Dear Editor,
The recent attempt by the Honourable Minister Bishop Juan Edghill, Minister of Public Works and Infrastructure, to unilaterally reclassify 22 city streets is a brazen assault on local governance that cannot be allowed to stand. Masquerading as administrative efficiency, this move reveals a disturbing truth: the central government is actively engaged in a campaign to financially strangle, politically discredit, and ultimately dismantle the authority of the Georgetown Mayor and City Council (M&CC).
Let us be clear about what is at stake. The Minister’s decision to reclassify these thoroughfares—without a shred of prior consultation with the municipal government—is not merely a bureaucratic overstep. It is a seizure of revenue streams that the Council desperately needs to function. The basis and criteria for this reclassification remain entirely unknown to the Municipal Council, leaving the elected body responsible for the city’s maintenance powerless to understand, let alone contest, the financial implications.
Those implications are dire. The reclassification of these 22 roads directly impacts the Council’s ability to generate revenue from billboard permits, street vending licenses, container fees, and municipal traffic violations. In a climate where the Council’s annual income hovers at approximately two billion dollars—half of which is consumed by employment costs alone—these revenue sources are not trivial; they are existential.
The Honourable Minister is acutely aware of the fiscal crisis facing the municipality. He knows that the Council cannot unilaterally revalue properties to expand its tax base; the last valuation was conducted in 1997. He knows that while a residential property in Kitty pays an average annual demand of just ten thousand dollars, the Council is legally obligated to provide weekly garbage removal, drain cleaning, street lighting, road repairs, and maintenance of public open spaces.
Given this context, one would expect sincerity from the Minister rather than political grandstanding. Consider the arithmetic of hypocrisy: over the past five years, the central government has spent more on city roads than the cumulative 10-year budget of the Georgetown Municipality. While the Council is expected to be grateful for this infrastructure spending, the Minister simultaneously uses it as a cudgel to justify stripping the city of its regulatory authority.
If the central government can pour billions into roadworks but refuses to allow the Council to meaningfully increase its revenue or retain control over the infrastructure within its jurisdiction, the conclusion is inescapable: this is not about fixing potholes; it is about fixing control.
To fully grasp the gravity of this situation, we must view it through the strategic lens of Karl Von Clausewitz, the Prussian military theorist who famously defined war as “the continuation of politics by other means.” What we are witnessing is the inversion of that maxim: this is politics as the continuation of warfare by other means.
Clausewitz emphasised the concept of friction—the unforeseen difficulties that paralyse an actor in conflict.
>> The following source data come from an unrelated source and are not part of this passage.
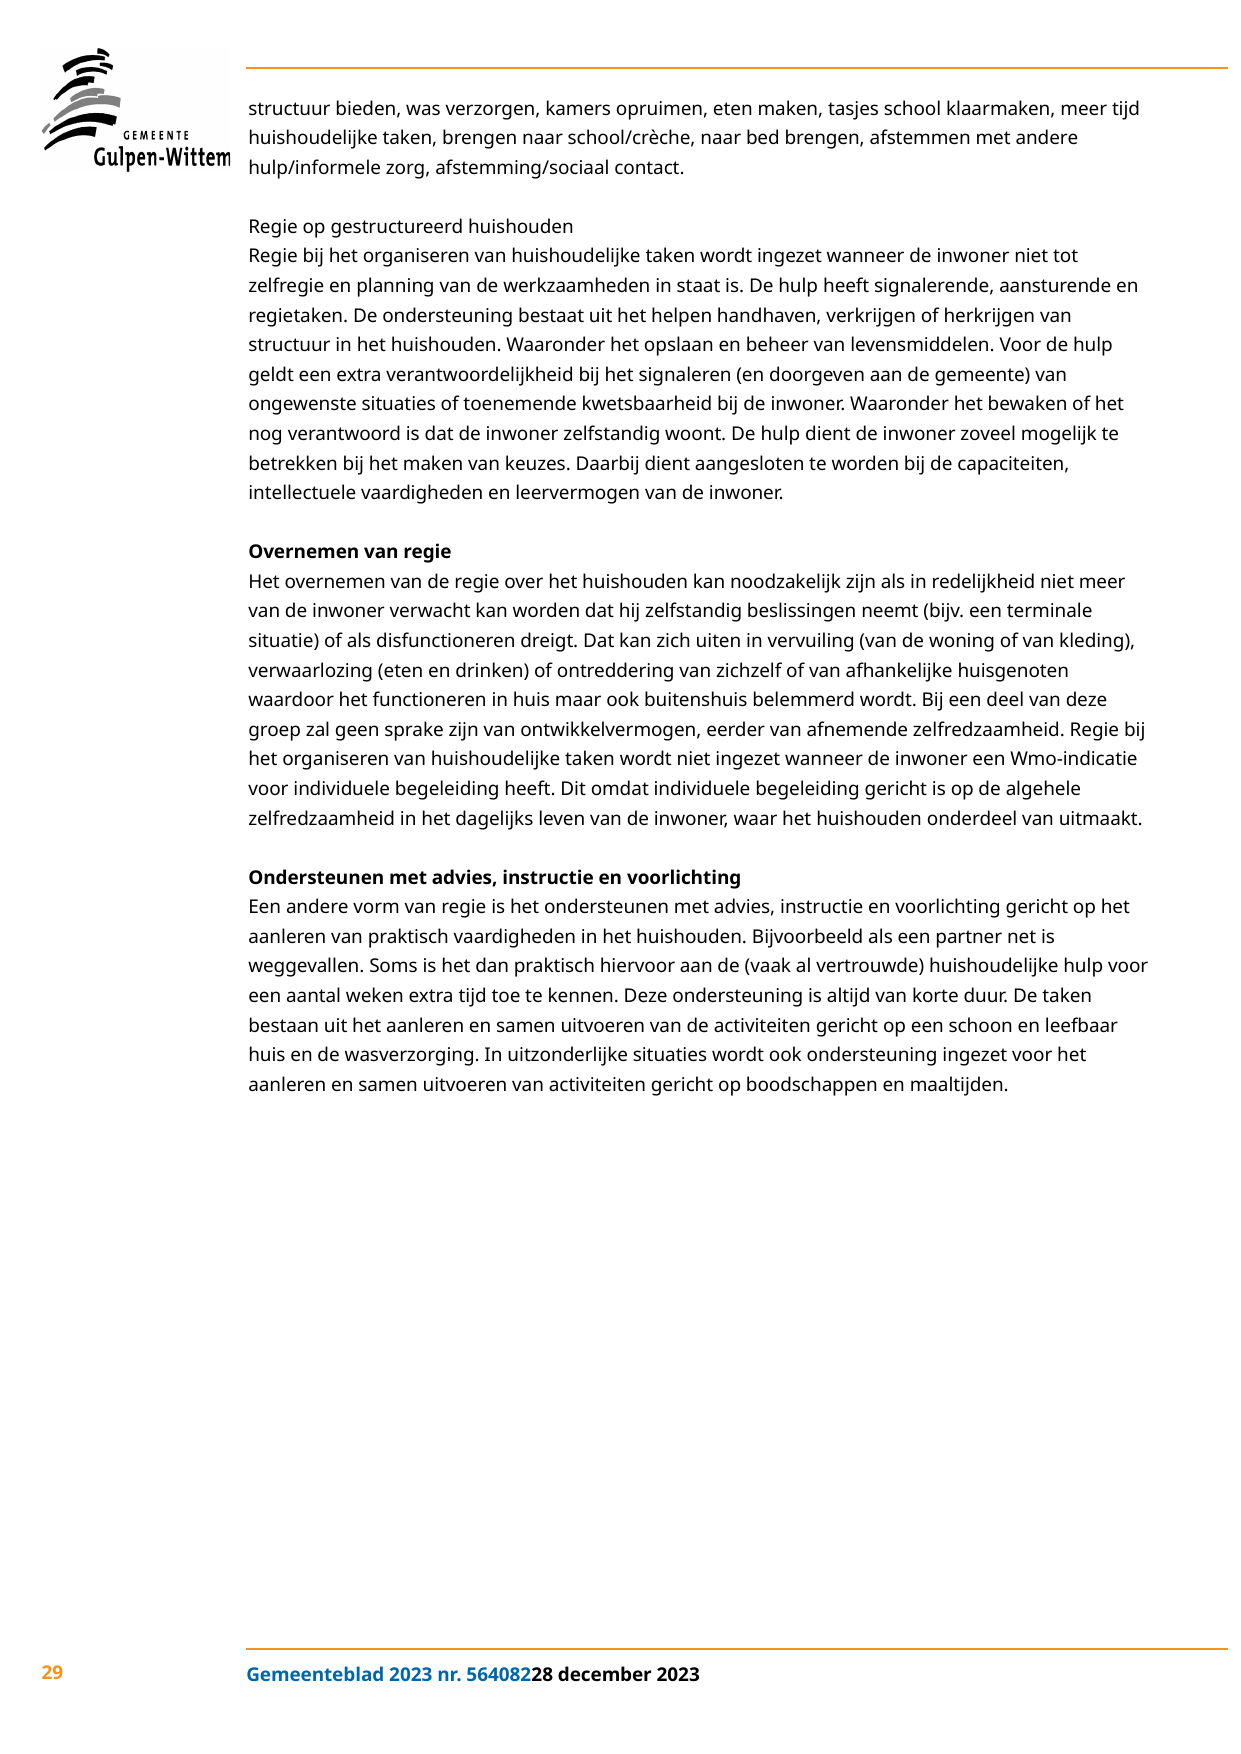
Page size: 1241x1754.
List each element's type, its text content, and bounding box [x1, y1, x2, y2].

text Een andere vorm van regie is het ondersteunen met advies, instructie en voorlichting gericht op het aanleren van praktisch vaardigheden in het huishouden. Bijvoorbeeld als een partner net is weggevallen. Soms is het dan praktisch hiervoor aan de (vaak al vertrouwde) huishoudelijke hulp voor een aantal weken extra tijd toe te kennen. Deze ondersteuning is altijd van korte duur. De taken bestaan uit het aanleren en samen uitvoeren van de activiteiten gericht op een schoon en leefbaar huis en de wasverzorging. In uitzonderlijke situaties wordt ook ondersteuning ingezet voor het aanleren en samen uitvoeren van activiteiten gericht op boodschappen en maaltijden. [248, 893, 1152, 1097]
text structuur bieden, was verzorgen, kamers opruimen, eten maken, tasjes school klaarmaken, meer tijd huishoudelijke taken, brengen naar school/crèche, naar bed brengen, afstemmen met andere hulp/informele zorg, afstemming/sociaal contact. [248, 95, 1152, 180]
picture [41, 47, 231, 172]
text Regie bij het organiseren van huishoudelijke taken wordt ingezet wanneer de inwoner niet tot zelfregie en planning van de werkzaamheden in staat is. De hulp heeft signalerende, aansturende en regietaken. De ondersteuning bestaat uit het helpen handhaven, verkrijgen of herkrijgen van structuur in het huishouden. Waaronder het opslaan en beheer van levensmiddelen. Voor de hulp geldt een extra verantwoordelijkheid bij het signaleren (en doorgeven aan de gemeente) van ongewenste situaties of toenemende kwetsbaarheid bij de inwoner. Waaronder het bewaken of het nog verantwoord is dat de inwoner zelfstandig woont. De hulp dient de inwoner zoveel mogelijk te betrekken bij het maken van keuzes. Daarbij dient aangesloten te worden bij de capaciteiten, intellectuele vaardigheden en leervermogen van de inwoner. [248, 243, 1152, 505]
text Het overnemen van de regie over het huishouden kan noodzakelijk zijn als in redelijkheid niet meer van de inwoner verwacht kan worden dat hij zelfstandig beslissingen neemt (bijv. een terminale situatie) of als disfunctioneren dreigt. Dat kan zich uiten in vervuiling (van de woning of van kleding), verwaarlozing (eten en drinken) of ontreddering van zichzelf of van afhankelijke huisgenoten waardoor het functioneren in huis maar ook buitenshuis belemmerd wordt. Bij een deel van deze groep zal geen sprake zijn van ontwikkelvermogen, eerder van afnemende zelfredzaamheid. Regie bij het organiseren van huishoudelijke taken wordt niet ingezet wanneer de inwoner een Wmo-indicatie voor individuele begeleiding heeft. Dit omdat individuele begeleiding gericht is op de algehele zelfredzaamheid in het dagelijks leven van de inwoner, waar het huishouden onderdeel van uitmaakt. [248, 568, 1152, 831]
text Overnemen van regie [248, 538, 1152, 564]
text Regie op gestructureerd huishouden [248, 213, 1152, 239]
text Ondersteunen met advies, instructie en voorlichting [248, 864, 1152, 890]

By reclassifying these 22 streets, the central government introduces maximum friction into the operations of the M&CC. The Council is now expected to maintain roads and provide services over which it has no regulatory authority and from which it cannot derive revenue. This friction is designed to create a feedback loop of failure: deprive the Council of funds, increase its operational burdens, and then use its inevitable service shortfalls to justify further centralisation.
Furthermore, Clausewitz spoke of the “remarkable trinity”—the interplay of the government, the military (or in this case, administrative arm), and the people. We are seeing this trinity weaponised. Recent outreach efforts by government ministers in areas like East Ruimveldt have devolved into public bashing sessions against the Mayor and City Council. This is not public engagement; it is psychological warfare aimed at eroding public confidence in the Council.
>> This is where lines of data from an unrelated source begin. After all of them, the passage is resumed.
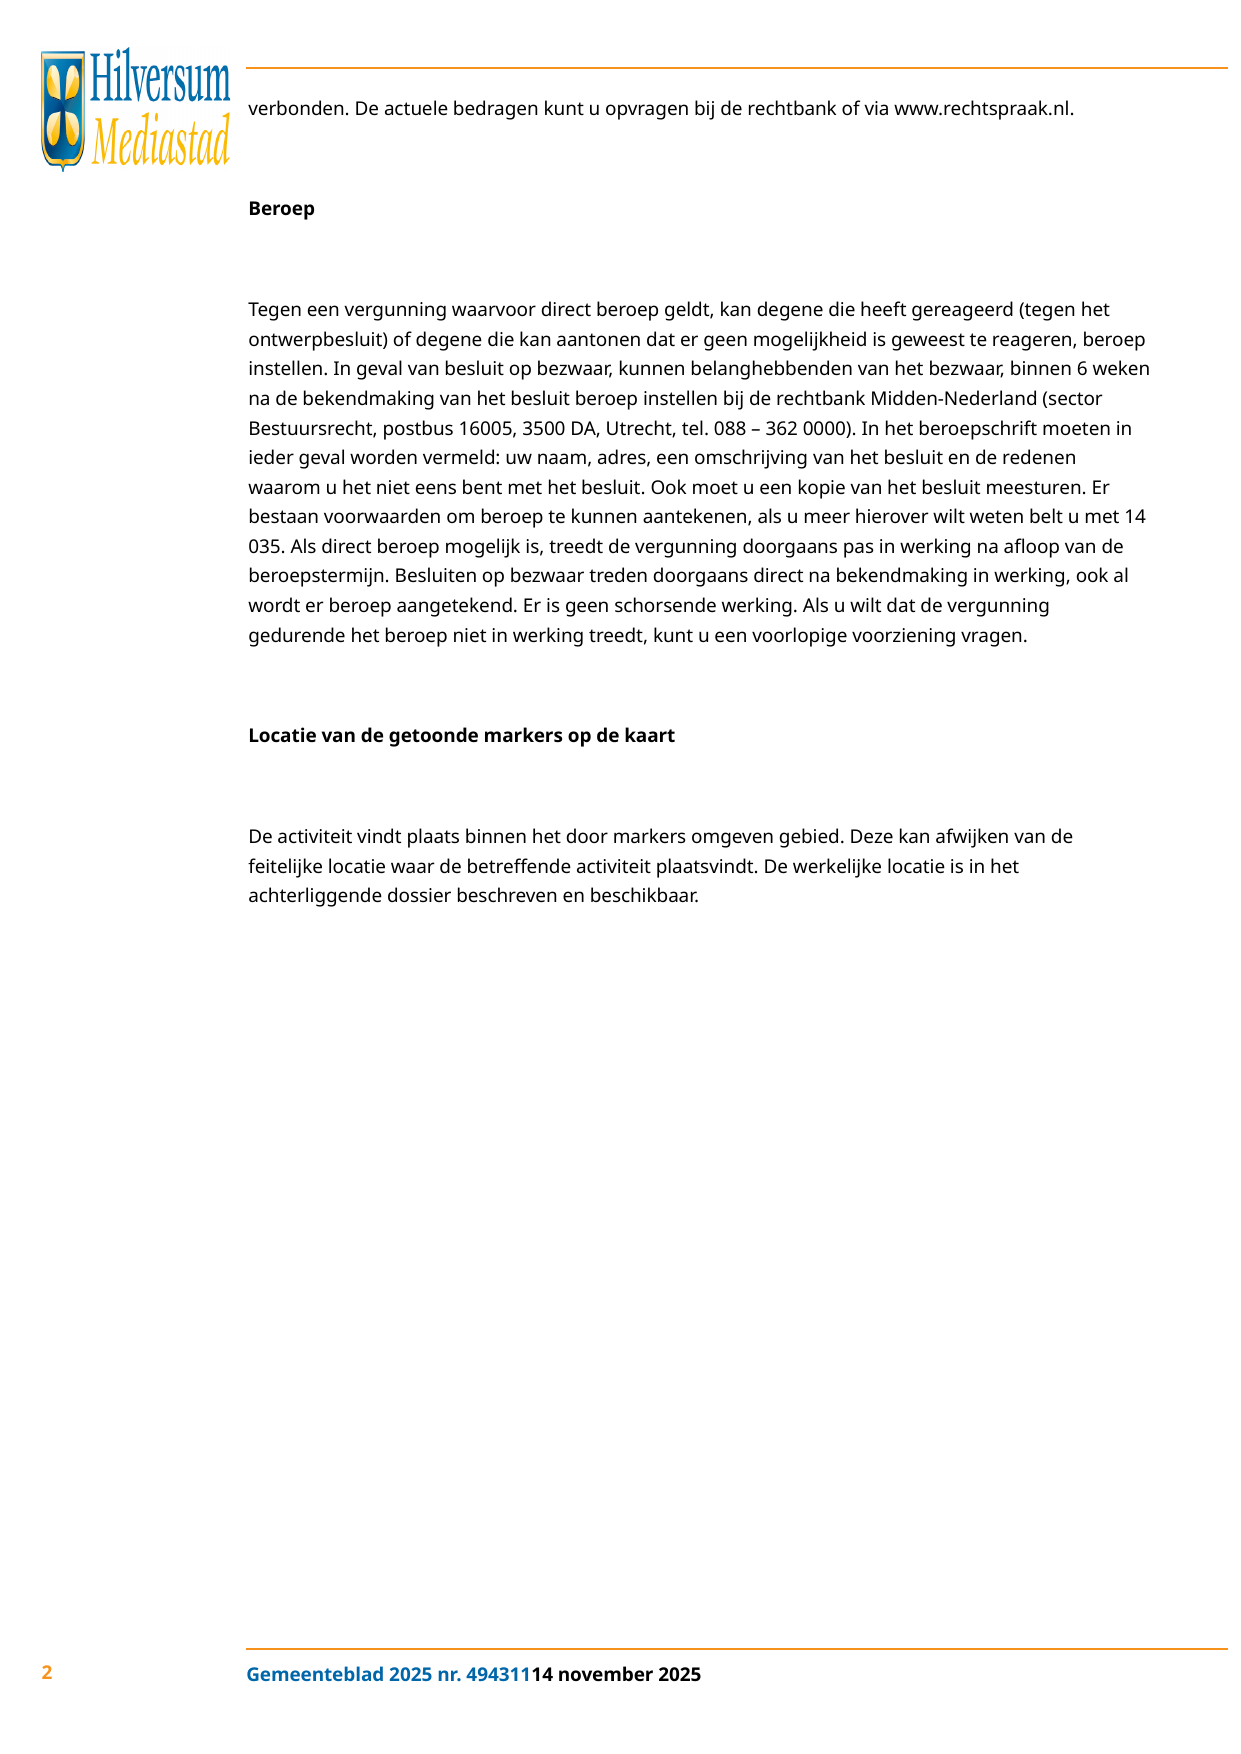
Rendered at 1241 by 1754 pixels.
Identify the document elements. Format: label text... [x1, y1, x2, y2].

text Tegen een vergunning waarvoor direct beroep geldt, kan degene die heeft gereageerd (tegen het ontwerpbesluit) of degene die kan aantonen dat er geen mogelijkheid is geweest te reageren, beroep instellen. In geval van besluit op bezwaar, kunnen belanghebbenden van het bezwaar, binnen 6 weken na de bekendmaking van het besluit beroep instellen bij de rechtbank Midden-Nederland (sector Bestuursrecht, postbus 16005, 3500 DA, Utrecht, tel. 088 – 362 0000). In het beroepschrift moeten in ieder geval worden vermeld: uw naam, adres, een omschrijving van het besluit en de redenen waarom u het niet eens bent met het besluit. Ook moet u een kopie van het besluit meesturen. Er bestaan voorwaarden om beroep te kunnen aantekenen, als u meer hierover wilt weten belt u met 14 035. Als direct beroep mogelijk is, treedt de vergunning doorgaans pas in werking na afloop van de beroepstermijn. Besluiten op bezwaar treden doorgaans direct na bekendmaking in werking, ook al wordt er beroep aangetekend. Er is geen schorsende werking. Als u wilt dat de vergunning gedurende het beroep niet in werking treedt, kunt u een voorlopige voorziening vragen. [248, 296, 1152, 648]
picture [41, 47, 231, 172]
text verbonden. De actuele bedragen kunt u opvragen bij de rechtbank of via www.rechtspraak.nl. [248, 95, 1152, 121]
text Locatie van de getoonde markers op de kaart [248, 723, 1152, 748]
text Beroep [248, 196, 1152, 221]
text De activiteit vindt plaats binnen het door markers omgeven gebied. Deze kan afwijken van de feitelijke locatie waar de betreffende activiteit plaatsvindt. De werkelijke locatie is in het achterliggende dossier beschreven en beschikbaar. [248, 823, 1152, 908]

Pointedly, by painting the municipality as incompetent while simultaneously starving it of resources and stripping its powers, the central government is executing a classic strategy of fait accompli—presenting the citizenry with a broken local government and then claiming that only centralised state control can fix it.
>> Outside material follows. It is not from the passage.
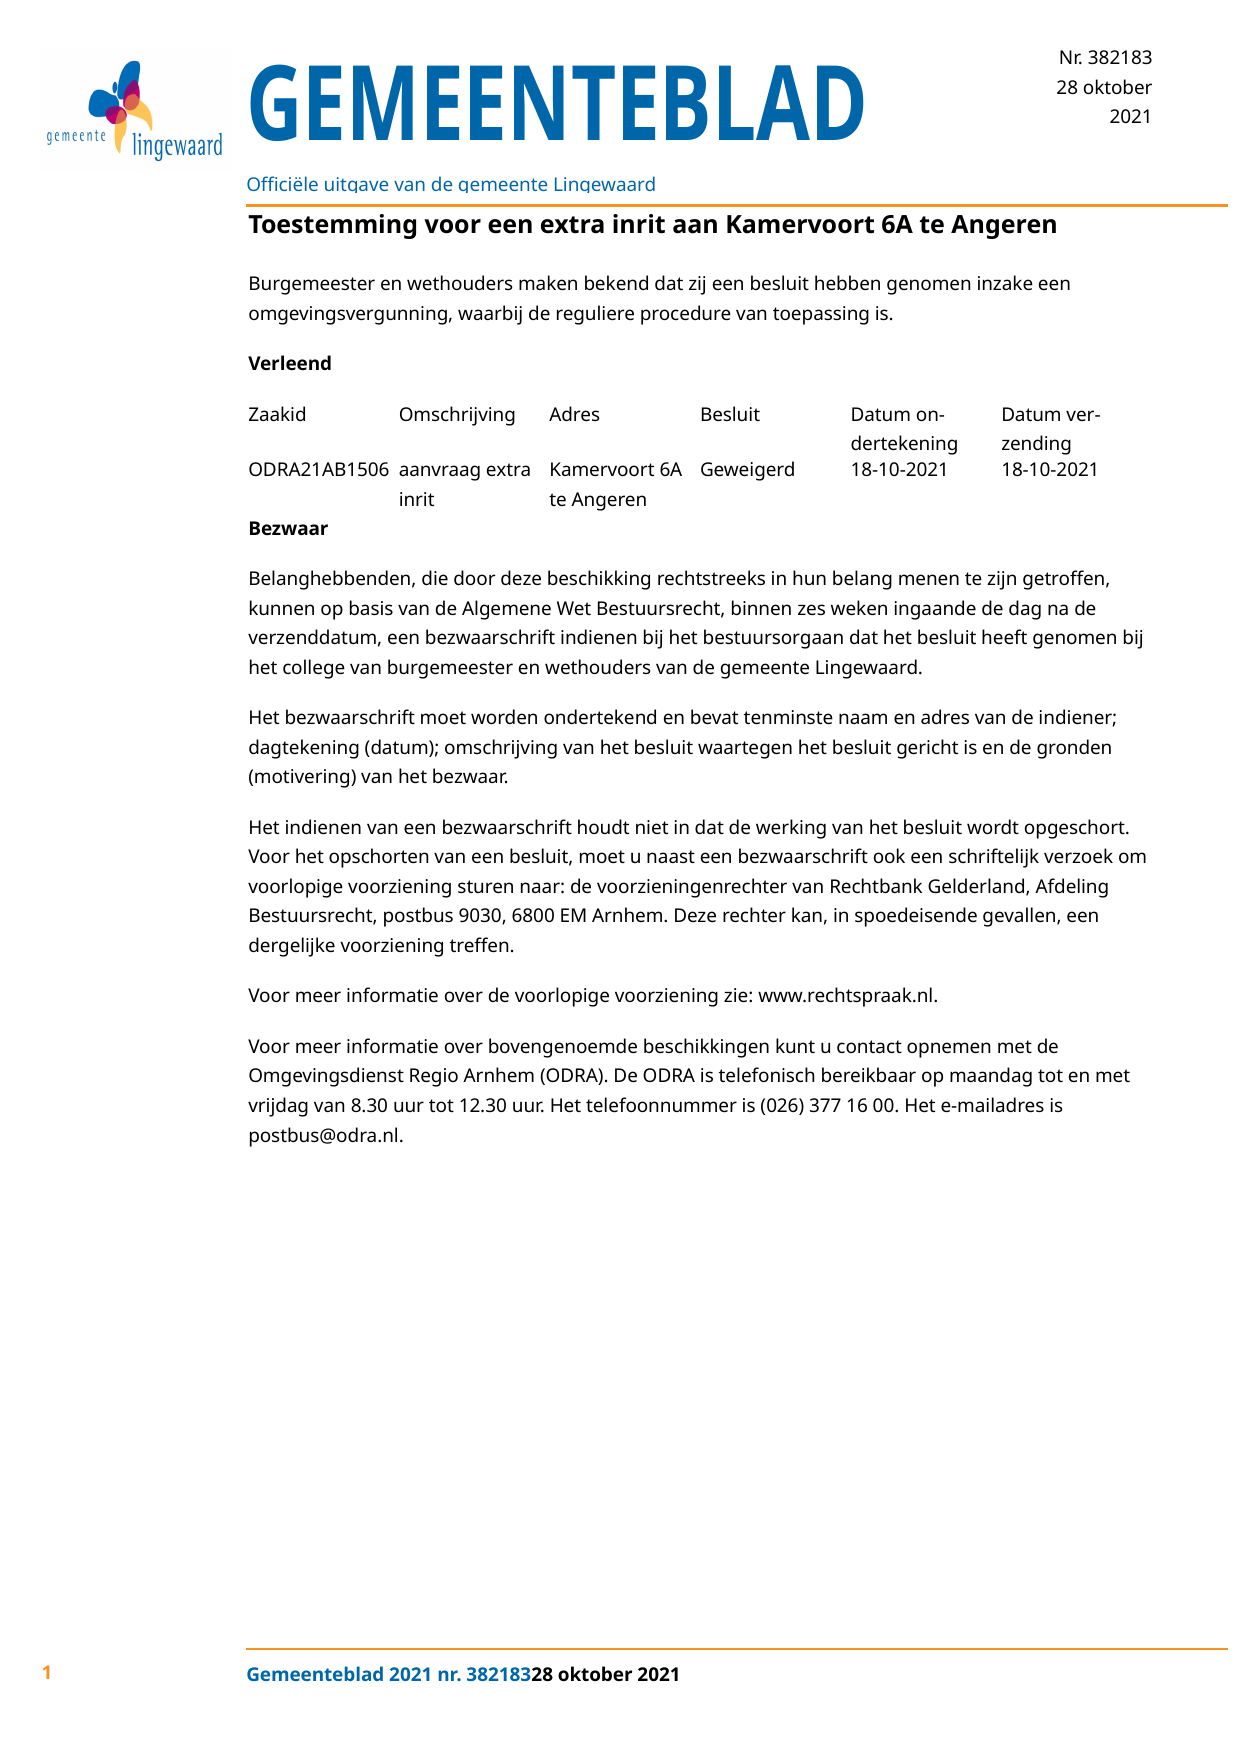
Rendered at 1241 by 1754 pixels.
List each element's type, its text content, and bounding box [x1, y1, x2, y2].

Unfortunately, the Council expects a sharp decrease in revenue if this reclassification is allowed to stand. Logic dictates that a decrease in revenue will lead to a decrease in services. When garbage piles up, drains clog, and lights go out, the Minister will have succeeded in creating the very crisis he uses to justify his overreach.
This is a deliberate attempt to erode the authority of an elected body. It is a diabolical plan designed for total domination and control. When a central government treats a constitutionally mandated local government as an enemy to be subjugated rather than a partner to be supported, we are no longer operating within the bounds of cooperative democracy.
We are in a dangerous place. Democracy in Guyana is not just under strain; it is under siege. The unilateral reclassification of these 22 streets must be condemned by every Guyanese citizen who values local autonomy, fiscal sanity, and the principle that those who are elected to serve should have the resources and authority to do so.
If this strategic warfare is allowed to continue, the only casualty will be democracy itself.